### EXERCISE DATA
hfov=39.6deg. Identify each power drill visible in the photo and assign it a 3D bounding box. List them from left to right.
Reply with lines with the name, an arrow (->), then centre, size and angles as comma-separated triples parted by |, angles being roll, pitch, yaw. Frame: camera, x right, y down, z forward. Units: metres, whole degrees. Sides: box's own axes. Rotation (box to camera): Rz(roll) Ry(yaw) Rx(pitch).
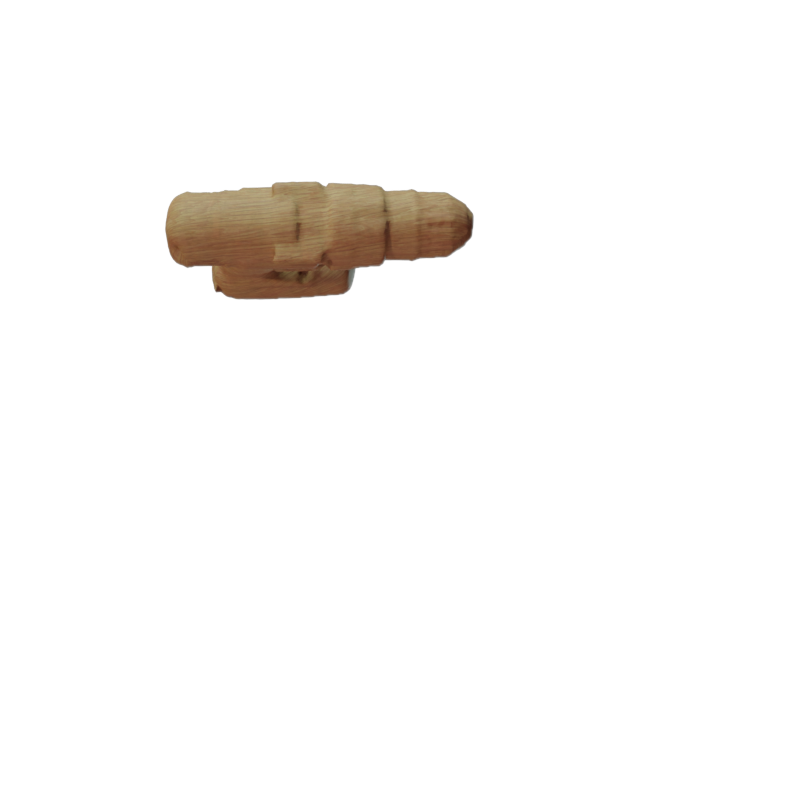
power drill -> -0.057, -0.105, 0.733 | 0.183, 0.058, 0.186 | 0, -2, -6
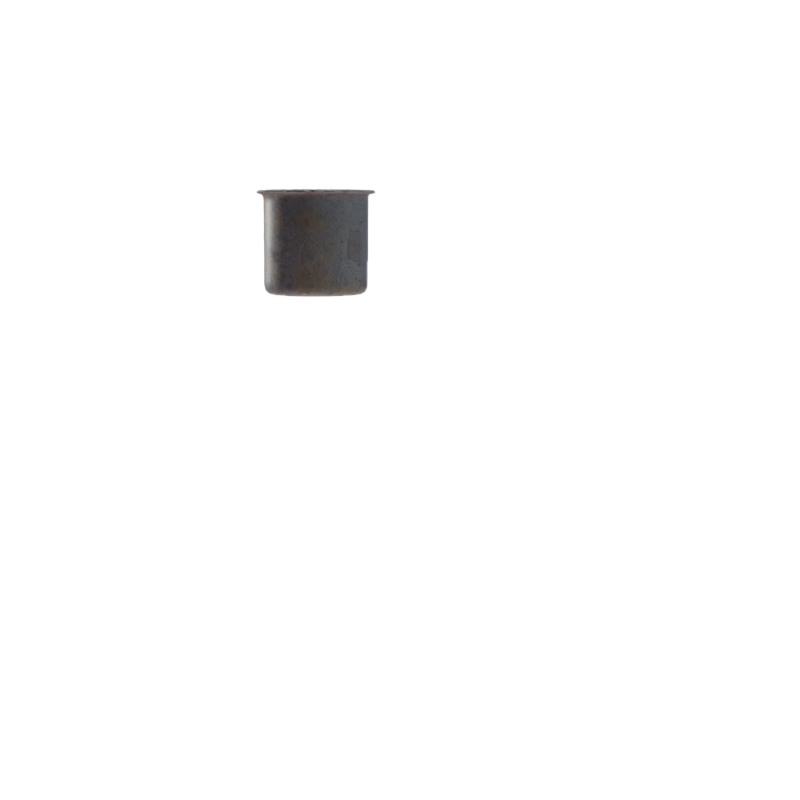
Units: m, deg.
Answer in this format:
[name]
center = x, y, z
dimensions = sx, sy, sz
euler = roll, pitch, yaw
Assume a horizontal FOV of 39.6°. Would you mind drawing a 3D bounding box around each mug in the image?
[mug]
center = -0.069, -0.126, 0.883
dimensions = 0.092, 0.081, 0.120
euler = -1, 7, -13
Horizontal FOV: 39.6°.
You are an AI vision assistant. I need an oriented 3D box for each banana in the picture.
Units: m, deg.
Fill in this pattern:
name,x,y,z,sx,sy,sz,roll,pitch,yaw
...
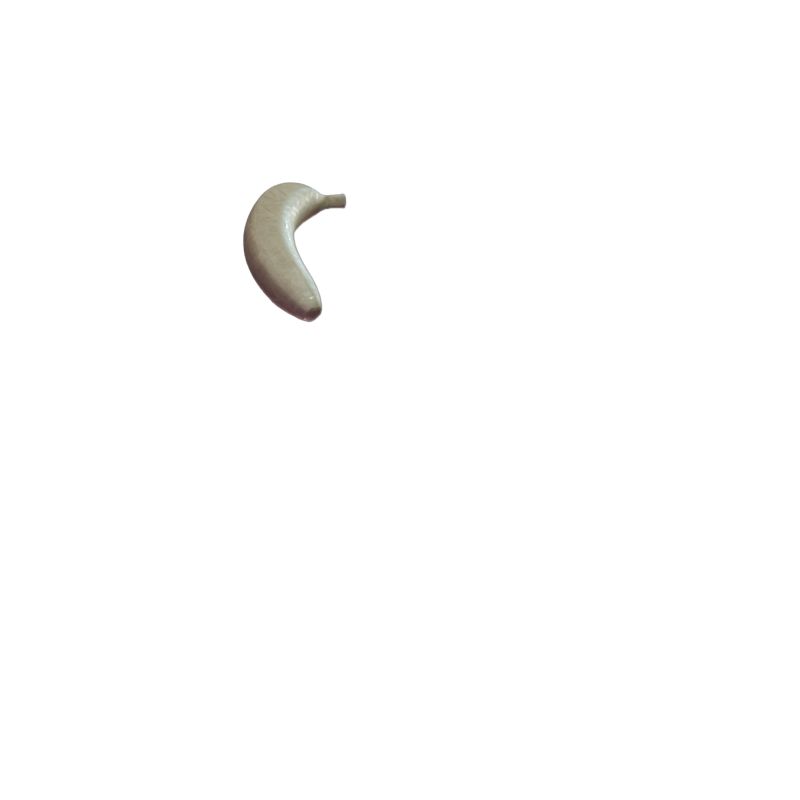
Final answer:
name,x,y,z,sx,sy,sz,roll,pitch,yaw
banana,-0.081,-0.119,0.812,0.070,0.034,0.209,2,33,3
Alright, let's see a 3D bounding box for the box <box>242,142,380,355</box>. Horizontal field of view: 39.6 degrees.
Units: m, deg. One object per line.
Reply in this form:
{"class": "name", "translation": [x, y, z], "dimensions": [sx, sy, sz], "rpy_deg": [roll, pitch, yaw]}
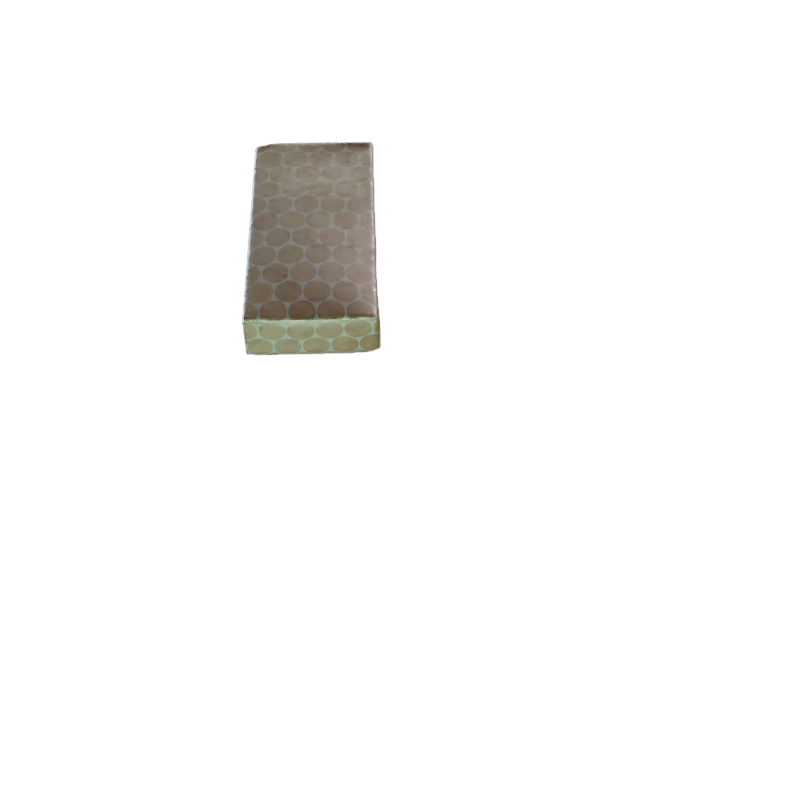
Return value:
######
■ TASK ITEM ■
Everything from the line with "You are an AI" through the end of the records above, both ends included, is to be reproduced exactly, and nothing outside that span; the pictures are to be dropped.

■ OUTPUT BELOW ■
You are an AI vision assistant. I need an oriented 3D box for each banana in the picture.
Units: m, deg.
Fill in this pattern:
name,x,y,z,sx,sy,sz,roll,pitch,yaw
...
Final answer:
name,x,y,z,sx,sy,sz,roll,pitch,yaw
banana,-0.081,-0.119,0.812,0.070,0.034,0.209,2,33,3
Alright, let's see a 3D bounding box for the box <box>242,142,380,355</box>. Horizontal field of view: 39.6 degrees.
Units: m, deg. One object per line.
Reply in this form:
{"class": "name", "translation": [x, y, z], "dimensions": [sx, sy, sz], "rpy_deg": [roll, pitch, yaw]}
Return value:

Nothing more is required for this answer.